Details were sketchy, but changes included one-month free trials, said Tom Online Inc., one of several mobile content providers that had been told about the policy adjustments on Friday.

"Although Tom Online is currently in the process of making a detailed assessment of the potential impact of these new policies on the company's wireless Internet business, it believes the impact will be negative and significant," Tom Online said in a statement.

China Mobile's Hong Kong-listed arm, China Mobile Ltd., declined comment.

Analysts said they would downgrade revenue outlooks for companies likely to be affected, and expected shares of those companies to come under pressure.

Sina confirmed that there would be significant policy changes, but declined to elaborate. A spokeswoman said Sina would issue a statement later on Friday.

The move is part of a campaign begun by China Mobile and its chief rival, the parent of Hong Kong-listed China Unicom, to clean up content-providing services offered over their networks.

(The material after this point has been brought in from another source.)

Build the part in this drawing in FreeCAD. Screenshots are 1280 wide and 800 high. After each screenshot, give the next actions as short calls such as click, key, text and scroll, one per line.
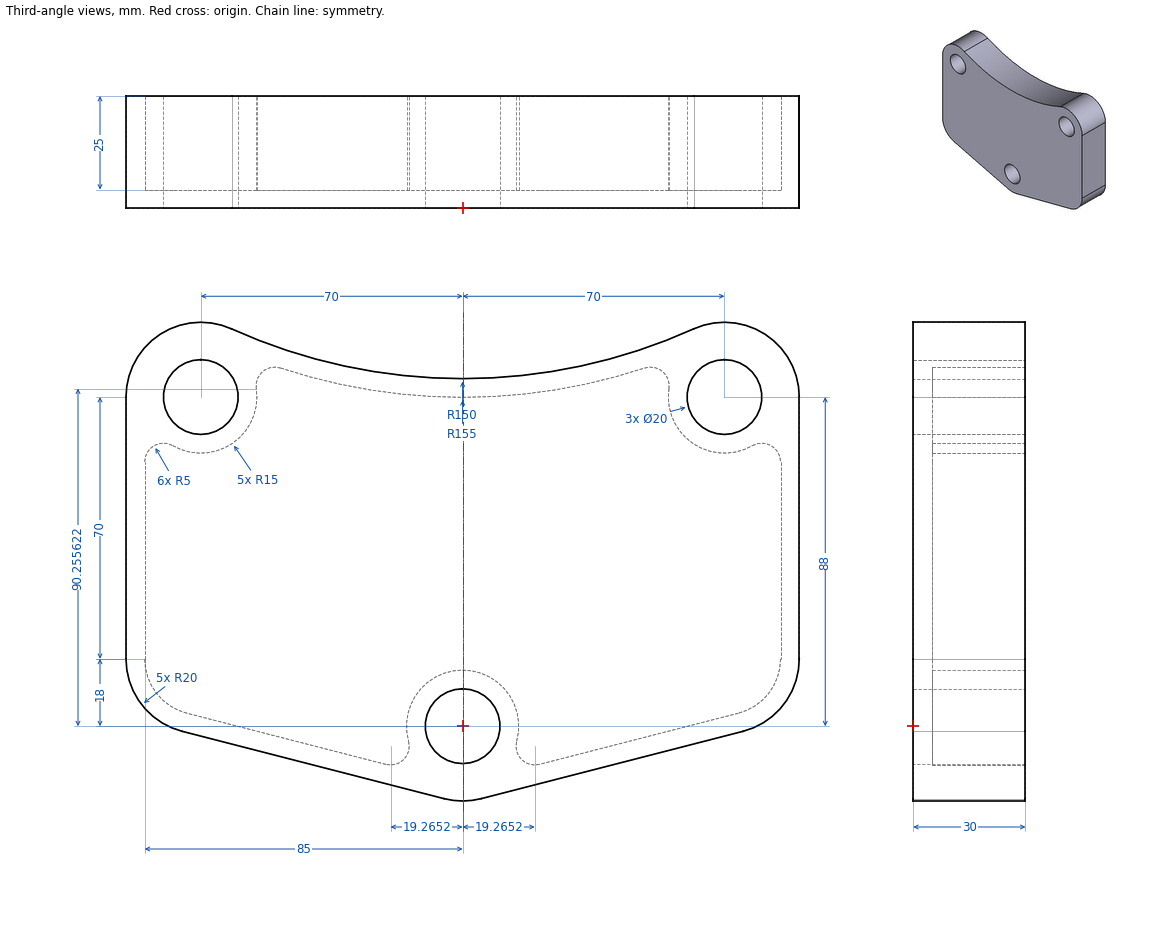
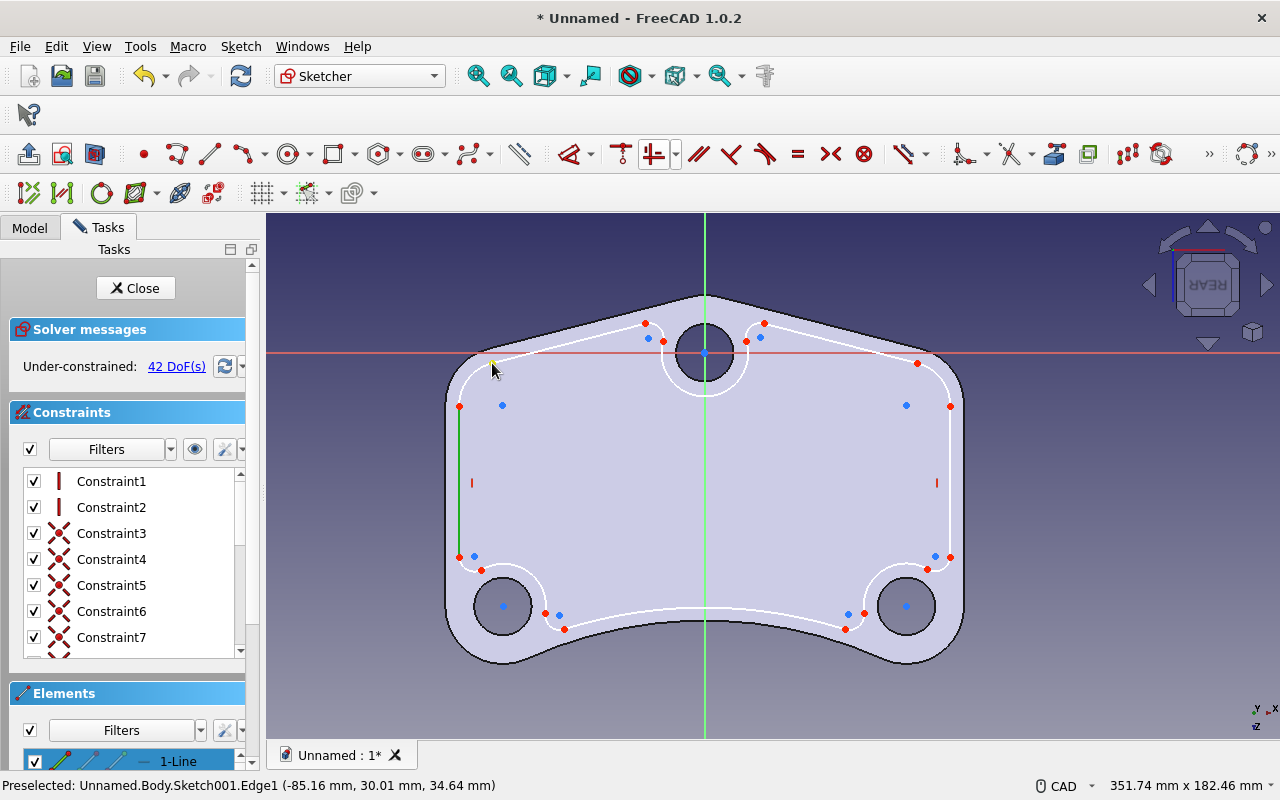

Sina, Sohu, Linktone and others have been fined or punished over the past two years, as mobile carriers try to eliminate abusive billing practices and controversial content such as spam and pornography.

Tom Online said a new rule required subscribers to wireless content services to manually confirm their subscriptions a month after signing up, meaning that users would no longer be billed indefinitely for services they seldom used.

"We believe service providers would likely see significant revenue volatility over the next one to two quarters," JP Morgan analyst Dick Wei wrote in a research note.

"We expect roughly a 10 percent to 20 percent revenue impact across the second quarter of 2006 to the third quarter of 2006."

Piper Jaffray analyst Safa Rashtchy also expected "major impact" on wireless service providers.

"We believe the total impact of these services will be severe and could reduce revenues by 20 percent-30 percent in 2007, with potentially much more near-term impact," Piper Jaffray wrote.